◆ **DIRECTIONS FOR THIS TASK**
Every line in the entries that holds the word "isNewParagraph" counts toward the answer, which should be a single number.

◆ **DATA IN THIS EXERCISE**
-- Opening Marker --

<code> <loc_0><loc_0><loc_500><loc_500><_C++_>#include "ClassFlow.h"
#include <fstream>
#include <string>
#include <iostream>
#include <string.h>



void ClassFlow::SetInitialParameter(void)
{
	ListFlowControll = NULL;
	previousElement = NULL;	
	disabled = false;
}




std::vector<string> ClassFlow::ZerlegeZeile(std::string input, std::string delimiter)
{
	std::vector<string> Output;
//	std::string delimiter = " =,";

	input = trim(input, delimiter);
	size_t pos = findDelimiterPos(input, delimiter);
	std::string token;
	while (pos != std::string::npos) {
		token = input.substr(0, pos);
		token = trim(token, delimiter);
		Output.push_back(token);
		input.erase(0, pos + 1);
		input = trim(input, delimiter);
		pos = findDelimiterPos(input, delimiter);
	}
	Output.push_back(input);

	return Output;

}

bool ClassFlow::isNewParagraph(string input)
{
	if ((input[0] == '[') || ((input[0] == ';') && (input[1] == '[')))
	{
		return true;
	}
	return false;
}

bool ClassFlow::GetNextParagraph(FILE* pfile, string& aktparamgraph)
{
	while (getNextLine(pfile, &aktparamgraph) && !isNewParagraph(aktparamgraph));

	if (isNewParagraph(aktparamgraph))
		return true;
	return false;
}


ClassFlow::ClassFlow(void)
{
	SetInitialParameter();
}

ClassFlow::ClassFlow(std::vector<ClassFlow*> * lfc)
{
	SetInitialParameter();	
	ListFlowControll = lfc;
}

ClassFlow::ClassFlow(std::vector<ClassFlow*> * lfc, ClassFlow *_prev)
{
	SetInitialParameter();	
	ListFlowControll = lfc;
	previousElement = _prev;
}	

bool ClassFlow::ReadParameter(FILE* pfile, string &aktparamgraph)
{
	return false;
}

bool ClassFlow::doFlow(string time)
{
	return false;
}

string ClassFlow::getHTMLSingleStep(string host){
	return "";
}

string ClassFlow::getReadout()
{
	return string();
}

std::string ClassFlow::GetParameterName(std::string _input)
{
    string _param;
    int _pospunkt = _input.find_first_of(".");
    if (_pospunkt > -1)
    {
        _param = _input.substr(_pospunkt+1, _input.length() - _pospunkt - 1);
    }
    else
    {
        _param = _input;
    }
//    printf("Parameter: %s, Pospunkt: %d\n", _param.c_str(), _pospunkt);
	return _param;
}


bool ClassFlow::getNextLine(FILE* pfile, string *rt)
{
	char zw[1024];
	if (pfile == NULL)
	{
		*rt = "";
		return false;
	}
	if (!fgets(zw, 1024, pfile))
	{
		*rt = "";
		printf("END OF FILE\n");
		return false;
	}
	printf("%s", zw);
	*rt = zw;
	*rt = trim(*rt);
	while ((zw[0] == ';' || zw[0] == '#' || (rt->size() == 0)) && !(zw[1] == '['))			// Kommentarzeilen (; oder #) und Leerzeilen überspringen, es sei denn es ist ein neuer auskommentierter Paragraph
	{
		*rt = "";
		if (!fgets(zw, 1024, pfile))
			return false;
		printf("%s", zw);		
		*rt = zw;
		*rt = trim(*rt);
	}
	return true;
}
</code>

-- Closing Marker --

◆ **WRITTEN RESPONSE**
3